Navigating the “Nervous Laughter” Phase of GenAI Adoption Inside Your Organization
The recent NYT piece - “C.E.O.s Want Their Companies to Adopt A.I. But Do They Get It Themselves?” struck me for how succinctly it captured pervasive issues across the C-suite in too many companies and organizations. It’s encouraging to see executives rolling up their sleeves with GenAI tools – but the real breakthroughs happen when leaders model curiosity and the people closest to the work have a sense of ownership over how AI is used.
Let’s go through what a Be Kind AI Advisors approach looks like here, focusing on encouragement, transparency, inclusion, knowledge-sharing, and a little humility. Think: learning in public, celebrating early attempts, and making space for every role to contribute – safely.
Name the real blocker: fear, not FOMO
“They all say A.I. is the future, use A.I. to do stuff. And then they don’t make any decisions or choices.” - Ethan Mollick on executives talking about - but not using - AI.
Businesses and talking heads like to call it “FOMO,” when it comes to GenAI, but what I hear at every level is fear:
Individual contributor: “If I get 3x faster with AI, do I just get 3x more work?”
Manager: “If I use AI, will people think I’m cheating – or replaceable?”
Executive: “How do I steer this when I’m learning myself, and there’s no rulebook?”
Everyone: “Is it OK to use AI on this?”
You can’t move through fear you won’t name. Psychological safety precedes experimentation. A simple leader script helps:
“We’re learning this together. Using AI isn’t cheating; it’s a skill. We’ll reward responsible use and sharing ideas/solutions that work. No one is judged or graded for trying. Let’s see what we can accomplish as a team…”
Closest to the work = closest to the value
“This is not a tool you can delegate down the hall to the chief information officer. They need to be hands-on in both where the technology is going and how they can apply it today.”
Central teams (IT, data science) can’t guess the realities of every function and department. A sales coordinator, finance manager, communications lead, or operations director knows exactly where the friction is in their work – and what “good” looks like when they use AI.

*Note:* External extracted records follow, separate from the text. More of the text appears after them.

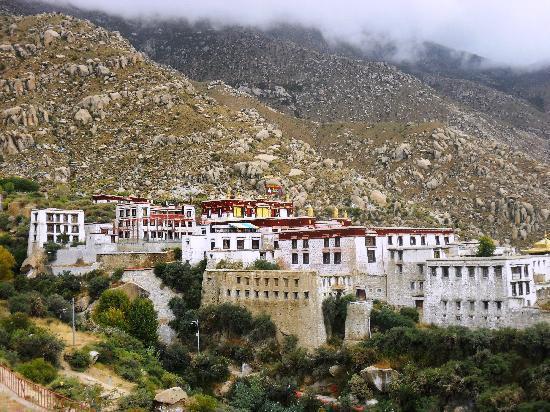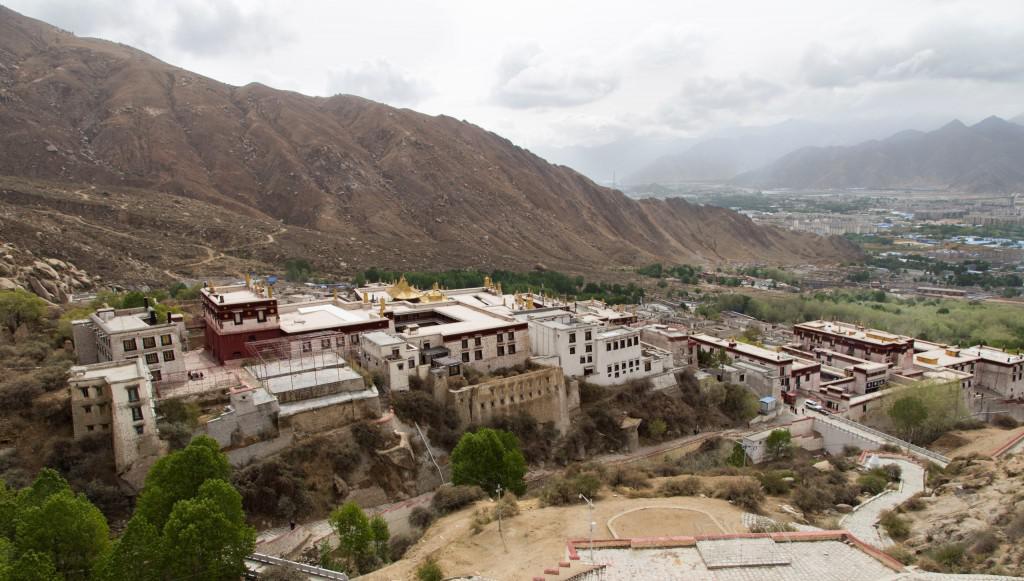The first image is the image on the left, the second image is the image on the right. For the images shown, is this caption "We see at least one mansion, built onto a skinny cliff; there certainly isn't enough room for a town." true? Answer yes or no. No. The first image is the image on the left, the second image is the image on the right. Considering the images on both sides, is "There are a set of red brick topped buildings sitting on the edge of a cliff." valid? Answer yes or no. No. 
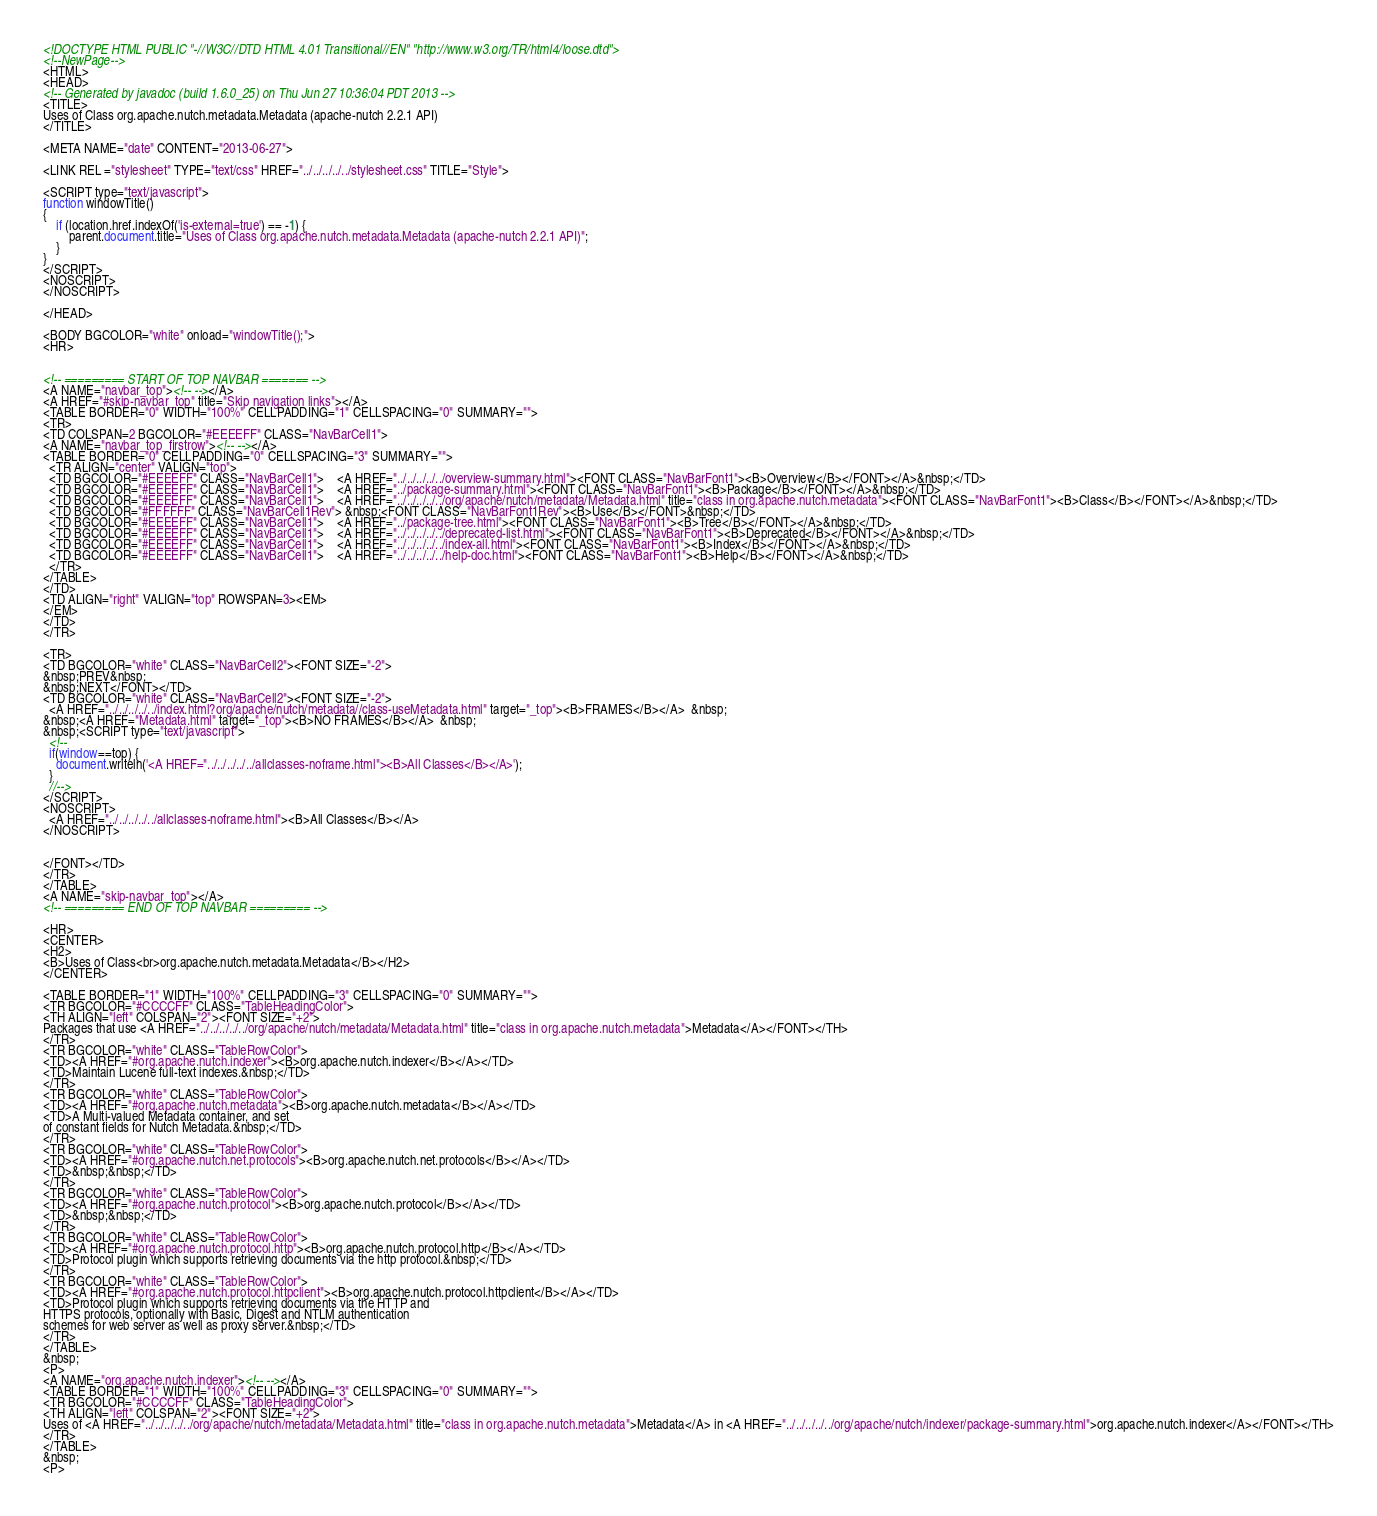<code> <loc_0><loc_0><loc_500><loc_500><_HTML_><!DOCTYPE HTML PUBLIC "-//W3C//DTD HTML 4.01 Transitional//EN" "http://www.w3.org/TR/html4/loose.dtd">
<!--NewPage-->
<HTML>
<HEAD>
<!-- Generated by javadoc (build 1.6.0_25) on Thu Jun 27 10:36:04 PDT 2013 -->
<TITLE>
Uses of Class org.apache.nutch.metadata.Metadata (apache-nutch 2.2.1 API)
</TITLE>

<META NAME="date" CONTENT="2013-06-27">

<LINK REL ="stylesheet" TYPE="text/css" HREF="../../../../../stylesheet.css" TITLE="Style">

<SCRIPT type="text/javascript">
function windowTitle()
{
    if (location.href.indexOf('is-external=true') == -1) {
        parent.document.title="Uses of Class org.apache.nutch.metadata.Metadata (apache-nutch 2.2.1 API)";
    }
}
</SCRIPT>
<NOSCRIPT>
</NOSCRIPT>

</HEAD>

<BODY BGCOLOR="white" onload="windowTitle();">
<HR>


<!-- ========= START OF TOP NAVBAR ======= -->
<A NAME="navbar_top"><!-- --></A>
<A HREF="#skip-navbar_top" title="Skip navigation links"></A>
<TABLE BORDER="0" WIDTH="100%" CELLPADDING="1" CELLSPACING="0" SUMMARY="">
<TR>
<TD COLSPAN=2 BGCOLOR="#EEEEFF" CLASS="NavBarCell1">
<A NAME="navbar_top_firstrow"><!-- --></A>
<TABLE BORDER="0" CELLPADDING="0" CELLSPACING="3" SUMMARY="">
  <TR ALIGN="center" VALIGN="top">
  <TD BGCOLOR="#EEEEFF" CLASS="NavBarCell1">    <A HREF="../../../../../overview-summary.html"><FONT CLASS="NavBarFont1"><B>Overview</B></FONT></A>&nbsp;</TD>
  <TD BGCOLOR="#EEEEFF" CLASS="NavBarCell1">    <A HREF="../package-summary.html"><FONT CLASS="NavBarFont1"><B>Package</B></FONT></A>&nbsp;</TD>
  <TD BGCOLOR="#EEEEFF" CLASS="NavBarCell1">    <A HREF="../../../../../org/apache/nutch/metadata/Metadata.html" title="class in org.apache.nutch.metadata"><FONT CLASS="NavBarFont1"><B>Class</B></FONT></A>&nbsp;</TD>
  <TD BGCOLOR="#FFFFFF" CLASS="NavBarCell1Rev"> &nbsp;<FONT CLASS="NavBarFont1Rev"><B>Use</B></FONT>&nbsp;</TD>
  <TD BGCOLOR="#EEEEFF" CLASS="NavBarCell1">    <A HREF="../package-tree.html"><FONT CLASS="NavBarFont1"><B>Tree</B></FONT></A>&nbsp;</TD>
  <TD BGCOLOR="#EEEEFF" CLASS="NavBarCell1">    <A HREF="../../../../../deprecated-list.html"><FONT CLASS="NavBarFont1"><B>Deprecated</B></FONT></A>&nbsp;</TD>
  <TD BGCOLOR="#EEEEFF" CLASS="NavBarCell1">    <A HREF="../../../../../index-all.html"><FONT CLASS="NavBarFont1"><B>Index</B></FONT></A>&nbsp;</TD>
  <TD BGCOLOR="#EEEEFF" CLASS="NavBarCell1">    <A HREF="../../../../../help-doc.html"><FONT CLASS="NavBarFont1"><B>Help</B></FONT></A>&nbsp;</TD>
  </TR>
</TABLE>
</TD>
<TD ALIGN="right" VALIGN="top" ROWSPAN=3><EM>
</EM>
</TD>
</TR>

<TR>
<TD BGCOLOR="white" CLASS="NavBarCell2"><FONT SIZE="-2">
&nbsp;PREV&nbsp;
&nbsp;NEXT</FONT></TD>
<TD BGCOLOR="white" CLASS="NavBarCell2"><FONT SIZE="-2">
  <A HREF="../../../../../index.html?org/apache/nutch/metadata//class-useMetadata.html" target="_top"><B>FRAMES</B></A>  &nbsp;
&nbsp;<A HREF="Metadata.html" target="_top"><B>NO FRAMES</B></A>  &nbsp;
&nbsp;<SCRIPT type="text/javascript">
  <!--
  if(window==top) {
    document.writeln('<A HREF="../../../../../allclasses-noframe.html"><B>All Classes</B></A>');
  }
  //-->
</SCRIPT>
<NOSCRIPT>
  <A HREF="../../../../../allclasses-noframe.html"><B>All Classes</B></A>
</NOSCRIPT>


</FONT></TD>
</TR>
</TABLE>
<A NAME="skip-navbar_top"></A>
<!-- ========= END OF TOP NAVBAR ========= -->

<HR>
<CENTER>
<H2>
<B>Uses of Class<br>org.apache.nutch.metadata.Metadata</B></H2>
</CENTER>

<TABLE BORDER="1" WIDTH="100%" CELLPADDING="3" CELLSPACING="0" SUMMARY="">
<TR BGCOLOR="#CCCCFF" CLASS="TableHeadingColor">
<TH ALIGN="left" COLSPAN="2"><FONT SIZE="+2">
Packages that use <A HREF="../../../../../org/apache/nutch/metadata/Metadata.html" title="class in org.apache.nutch.metadata">Metadata</A></FONT></TH>
</TR>
<TR BGCOLOR="white" CLASS="TableRowColor">
<TD><A HREF="#org.apache.nutch.indexer"><B>org.apache.nutch.indexer</B></A></TD>
<TD>Maintain Lucene full-text indexes.&nbsp;</TD>
</TR>
<TR BGCOLOR="white" CLASS="TableRowColor">
<TD><A HREF="#org.apache.nutch.metadata"><B>org.apache.nutch.metadata</B></A></TD>
<TD>A Multi-valued Metadata container, and set
of constant fields for Nutch Metadata.&nbsp;</TD>
</TR>
<TR BGCOLOR="white" CLASS="TableRowColor">
<TD><A HREF="#org.apache.nutch.net.protocols"><B>org.apache.nutch.net.protocols</B></A></TD>
<TD>&nbsp;&nbsp;</TD>
</TR>
<TR BGCOLOR="white" CLASS="TableRowColor">
<TD><A HREF="#org.apache.nutch.protocol"><B>org.apache.nutch.protocol</B></A></TD>
<TD>&nbsp;&nbsp;</TD>
</TR>
<TR BGCOLOR="white" CLASS="TableRowColor">
<TD><A HREF="#org.apache.nutch.protocol.http"><B>org.apache.nutch.protocol.http</B></A></TD>
<TD>Protocol plugin which supports retrieving documents via the http protocol.&nbsp;</TD>
</TR>
<TR BGCOLOR="white" CLASS="TableRowColor">
<TD><A HREF="#org.apache.nutch.protocol.httpclient"><B>org.apache.nutch.protocol.httpclient</B></A></TD>
<TD>Protocol plugin which supports retrieving documents via the HTTP and
HTTPS protocols, optionally with Basic, Digest and NTLM authentication
schemes for web server as well as proxy server.&nbsp;</TD>
</TR>
</TABLE>
&nbsp;
<P>
<A NAME="org.apache.nutch.indexer"><!-- --></A>
<TABLE BORDER="1" WIDTH="100%" CELLPADDING="3" CELLSPACING="0" SUMMARY="">
<TR BGCOLOR="#CCCCFF" CLASS="TableHeadingColor">
<TH ALIGN="left" COLSPAN="2"><FONT SIZE="+2">
Uses of <A HREF="../../../../../org/apache/nutch/metadata/Metadata.html" title="class in org.apache.nutch.metadata">Metadata</A> in <A HREF="../../../../../org/apache/nutch/indexer/package-summary.html">org.apache.nutch.indexer</A></FONT></TH>
</TR>
</TABLE>
&nbsp;
<P>
</code>

Empower the people doing the work to identify opportunities to apply AI in their day-to-day. Executives need to provide their employees with the latest tools, build awareness, enable training, inspire creativity, and encourage ownership – not distribute a generic how-to-guide slide deck and a one-size-fits-all list of “approved use cases.”
Value emerges where the work actually happens.
The operating model: top-down vs. bottom-up
Spoiler alert: you need both.
Leaders set direction, fund sandboxes, remove blockers, and – this matters – use the tools themselves in public.
Teams propose and execute on real tasks, run time-boxed experiments, document wins and risks, and measure the impacts.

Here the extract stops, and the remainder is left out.